When I had to go and testify in the Brady and Peterson cases against the Golden Fountain, old Sile was willing.

"I'd like to help stick the thieves!" he hissed.

"How did you know they were thieves?" asked I.

"I located the claim," said he, "and they stole it on a measley little balance for machinery--confound them!"

"Well, they're stealing it again," said I; and I explained the lost vein business.

"They've pounded the stock away down," said the lunger. "I believe it's a good buy!"

"Draw your eighteen-seventy-five from Sile," said I; "and come with me and buy it!"

"I think I will go," said he. And he did. He was a nice fellow to travel with.

Well, the Golden Fountain was shut down, and had no lawyer against us.

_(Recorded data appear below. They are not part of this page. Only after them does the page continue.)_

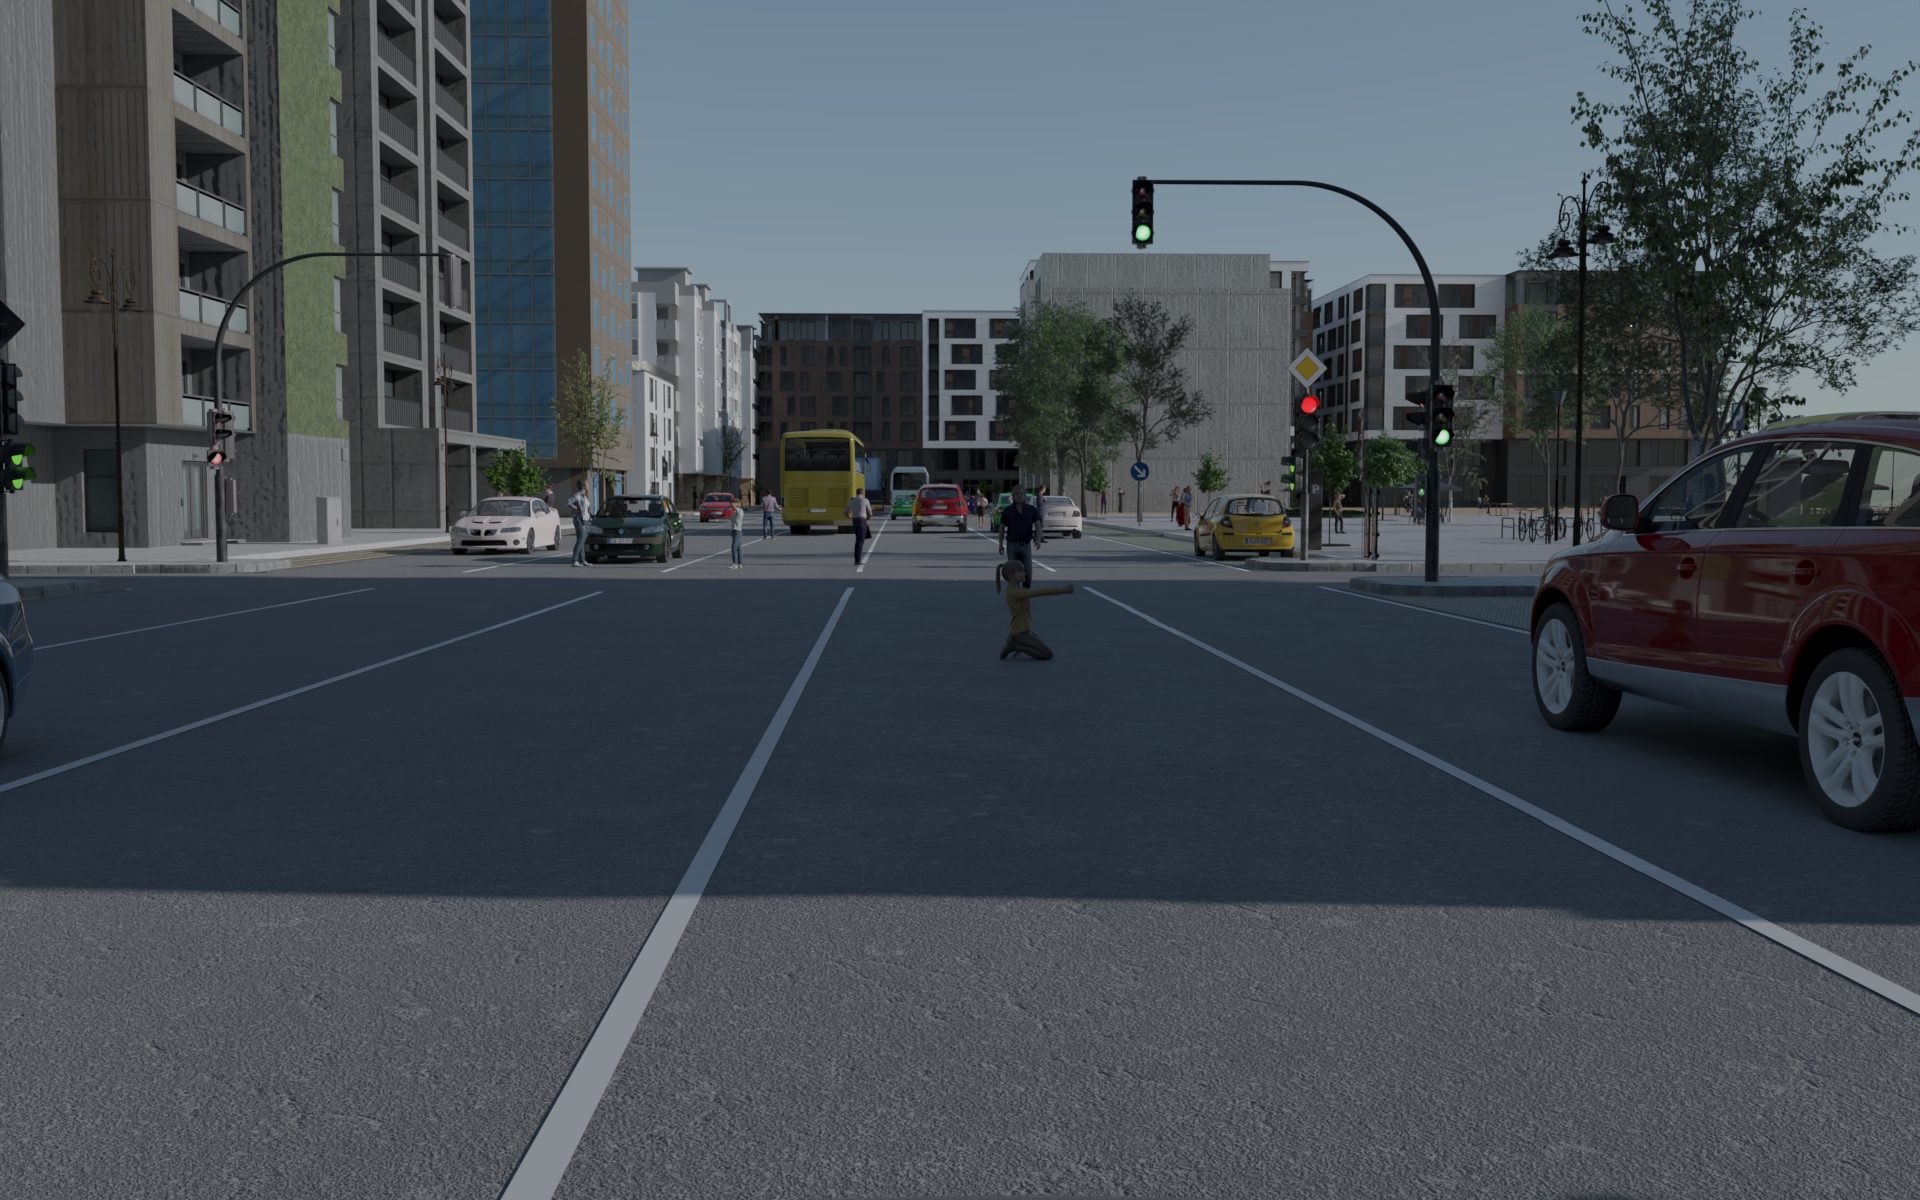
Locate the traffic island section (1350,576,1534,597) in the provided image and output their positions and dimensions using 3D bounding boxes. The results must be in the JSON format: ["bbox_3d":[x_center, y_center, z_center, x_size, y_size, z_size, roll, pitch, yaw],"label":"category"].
[{"bbox_3d":[6.941,-0.194,25.458,2.009,0.180,2.903,0,4,-2],"label":"traffic island section"}]

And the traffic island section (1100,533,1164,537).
[{"bbox_3d":[5.791,-2.195,58.749,1.991,0.108,1.994,0,4,-2],"label":"traffic island section"}]

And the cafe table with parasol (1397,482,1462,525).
[{"bbox_3d":[19.724,-4.157,72.828,2.610,1.966,2.610,2,4,34],"label":"cafe table with parasol"}]

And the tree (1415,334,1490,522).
[{"bbox_3d":[22.566,-7.872,79.062,4.360,8.622,3.978,0,3,0],"label":"tree"}]

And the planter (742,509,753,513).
[{"bbox_3d":[-17.148,-6.936,134.539,1.991,0.319,1.994,0,4,-2],"label":"planter"}]

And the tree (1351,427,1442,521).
[{"bbox_3d":[20.475,-6.141,84.125,4.285,4.588,4.351,0,3,0],"label":"tree"}]

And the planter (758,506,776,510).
[{"bbox_3d":[-18.087,-8.583,161.466,1.991,0.319,1.994,0,4,-2],"label":"planter"}]

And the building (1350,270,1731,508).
[{"bbox_3d":[53.882,-20.067,172.077,32.646,21.610,27.936,0,4,-2],"label":"building"}]

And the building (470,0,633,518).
[{"bbox_3d":[-26.771,-27.404,98.172,14.600,45.320,14.200,0,4,-2],"label":"building"}]

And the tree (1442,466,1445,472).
[{"bbox_3d":[25.586,-6.953,97.394,4.285,4.588,4.351,0,3,0],"label":"tree"}]

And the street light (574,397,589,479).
[{"bbox_3d":[-17.635,-6.617,80.977,0.468,5.910,1.993,0,4,-2],"label":"street light"}]

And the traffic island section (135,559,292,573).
[{"bbox_3d":[-13.964,-0.639,32.734,2.009,0.180,2.903,0,4,-2],"label":"traffic island section"}]

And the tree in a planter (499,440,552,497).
[{"bbox_3d":[-14.489,-3.674,57.286,1.991,3.239,1.994,0,4,-2],"label":"tree in a planter"}]

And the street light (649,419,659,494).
[{"bbox_3d":[-18.532,-8.091,105.076,0.468,5.910,1.993,0,4,-2],"label":"street light"}]

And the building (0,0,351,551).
[{"bbox_3d":[-24.718,-21.965,42.715,14.154,41.232,14.086,0,4,-2],"label":"building"}]

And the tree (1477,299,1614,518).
[{"bbox_3d":[31.552,-10.249,93.332,9.928,11.665,9.643,0,3,0],"label":"tree"}]

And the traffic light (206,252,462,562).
[{"bbox_3d":[-11.836,-3.550,32.708,4.771,5.953,1.251,0,4,-2],"label":"traffic light"}]

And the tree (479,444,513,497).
[{"bbox_3d":[-17.630,-4.429,67.023,1.663,3.219,1.824,0,3,0],"label":"tree"}]

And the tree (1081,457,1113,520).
[{"bbox_3d":[7.029,-5.698,87.768,1.663,3.219,1.824,0,3,0],"label":"tree"}]

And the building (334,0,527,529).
[{"bbox_3d":[-29.778,-38.756,71.906,20.563,71.187,20.611,0,4,-2],"label":"building"}]

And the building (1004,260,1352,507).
[{"bbox_3d":[19.522,-19.820,168.024,27.936,21.610,32.646,0,4,-2],"label":"building"}]

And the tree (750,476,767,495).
[{"bbox_3d":[-21.278,-11.431,181.497,1.663,3.219,1.824,0,3,0],"label":"tree"}]

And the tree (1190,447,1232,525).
[{"bbox_3d":[10.173,-4.652,70.660,1.663,3.219,1.824,0,3,0],"label":"tree"}]

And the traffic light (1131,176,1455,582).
[{"bbox_3d":[4.813,-3.086,25.130,4.771,5.953,1.251,0,4,-2],"label":"traffic light"}]

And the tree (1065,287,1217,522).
[{"bbox_3d":[7.978,-8.848,79.081,7.601,10.594,8.767,-3,4,-37],"label":"tree"}]

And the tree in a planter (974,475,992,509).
[{"bbox_3d":[2.183,-10.126,162.785,1.991,3.239,1.994,0,4,-2],"label":"tree in a planter"}]

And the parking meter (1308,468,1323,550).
[{"bbox_3d":[8.048,-2.069,39.547,0.399,1.863,0.255,-1,4,-12],"label":"parking meter"}]

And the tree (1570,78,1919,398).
[{"bbox_3d":[16.816,-6.336,37.999,8.767,10.594,7.601,0,4,7],"label":"tree"}]

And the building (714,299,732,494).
[{"bbox_3d":[-29.148,-18.179,153.647,16.016,20.091,11.380,0,4,-2],"label":"building"}]

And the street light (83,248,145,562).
[{"bbox_3d":[-15.945,-3.669,32.775,0.468,5.910,1.993,0,4,-2],"label":"street light"}]

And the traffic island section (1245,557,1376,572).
[{"bbox_3d":[6.665,-0.682,33.439,2.009,0.180,2.903,0,4,-2],"label":"traffic island section"}]

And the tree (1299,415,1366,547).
[{"bbox_3d":[9.119,-2.944,42.742,1.663,3.219,1.824,0,3,0],"label":"tree"}]

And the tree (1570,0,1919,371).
[{"bbox_3d":[9.281,-4.337,21.280,4.360,8.622,3.978,0,3,0],"label":"tree"}]

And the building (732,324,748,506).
[{"bbox_3d":[-28.078,-19.455,174.503,11.380,20.091,16.016,0,4,-2],"label":"building"}]

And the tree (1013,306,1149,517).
[{"bbox_3d":[6.789,-10.380,95.462,9.928,11.665,9.643,0,3,0],"label":"tree"}]

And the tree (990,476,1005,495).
[{"bbox_3d":[3.706,-11.503,182.677,1.663,3.219,1.824,0,3,0],"label":"tree"}]

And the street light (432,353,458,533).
[{"bbox_3d":[-16.882,-5.143,56.873,0.468,5.910,1.993,0,4,-2],"label":"street light"}]

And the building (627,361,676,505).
[{"bbox_3d":[-24.742,-11.061,122.996,9.099,9.664,28.070,0,4,-2],"label":"building"}]

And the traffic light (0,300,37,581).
[{"bbox_3d":[-13.648,-2.183,24.621,0.839,4.253,0.868,0,4,-2],"label":"traffic light"}]

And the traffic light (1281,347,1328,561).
[{"bbox_3d":[6.625,-2.716,33.323,0.839,4.253,0.868,0,4,-2],"label":"traffic light"}]

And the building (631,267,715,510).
[{"bbox_3d":[-29.112,-17.481,142.226,16.016,20.091,11.380,0,4,-2],"label":"building"}]

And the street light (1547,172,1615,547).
[{"bbox_3d":[8.969,-3.196,25.050,0.468,5.910,1.993,0,4,-2],"label":"street light"}]

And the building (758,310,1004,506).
[{"bbox_3d":[-6.784,-22.169,206.432,32.646,21.610,27.936,0,4,-2],"label":"building"}]

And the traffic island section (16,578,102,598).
[{"bbox_3d":[-13.689,-0.151,24.754,2.009,0.180,2.903,0,4,-2],"label":"traffic island section"}]

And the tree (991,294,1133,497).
[{"bbox_3d":[6.639,-12.470,110.532,9.857,13.997,8.962,0,3,0],"label":"tree"}]

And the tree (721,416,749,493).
[{"bbox_3d":[-21.948,-12.985,162.669,4.737,8.622,4.395,0,3,0],"label":"tree"}]

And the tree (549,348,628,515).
[{"bbox_3d":[-18.452,-8.359,87.025,4.737,8.622,4.395,0,3,0],"label":"tree"}]

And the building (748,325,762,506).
[{"bbox_3d":[-28.947,-21.010,199.940,11.380,20.091,16.016,0,4,-2],"label":"building"}]

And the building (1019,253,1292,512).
[{"bbox_3d":[14.120,-16.479,135.897,16.747,18.905,31.486,0,4,-2],"label":"building"}]

It was a funny hook-up. We proved about the stulls, and got a judgment for the widow for ten thousand. Then we corralled another jury and showed that Pete had no patellar reflex, and therefore no spine, and got a shameful great verdict for him. And all the time the Golden Fountain never peeped, and Lungy Addison looked on speechless. Our lawyer was numb, it was so easy.

"I don't understand--" said he.

"The law department must be connected in series with the mine machinery," said I, "and shuts off with the same switch. Do we get this on a foul?"

"Oh, nothing foul!" said he. "Default, you see--"

"No showup at ringside," said I; "9 to 0? How about bets?"

"Everything is all right," said he, looking as worried. "We'll sell the mine, and make the judgments!"

"And get the Golden Fountain," said I, "on an Irish pit boss and a Swede's spine?"

"Certainly," said he, "if they don't redeem."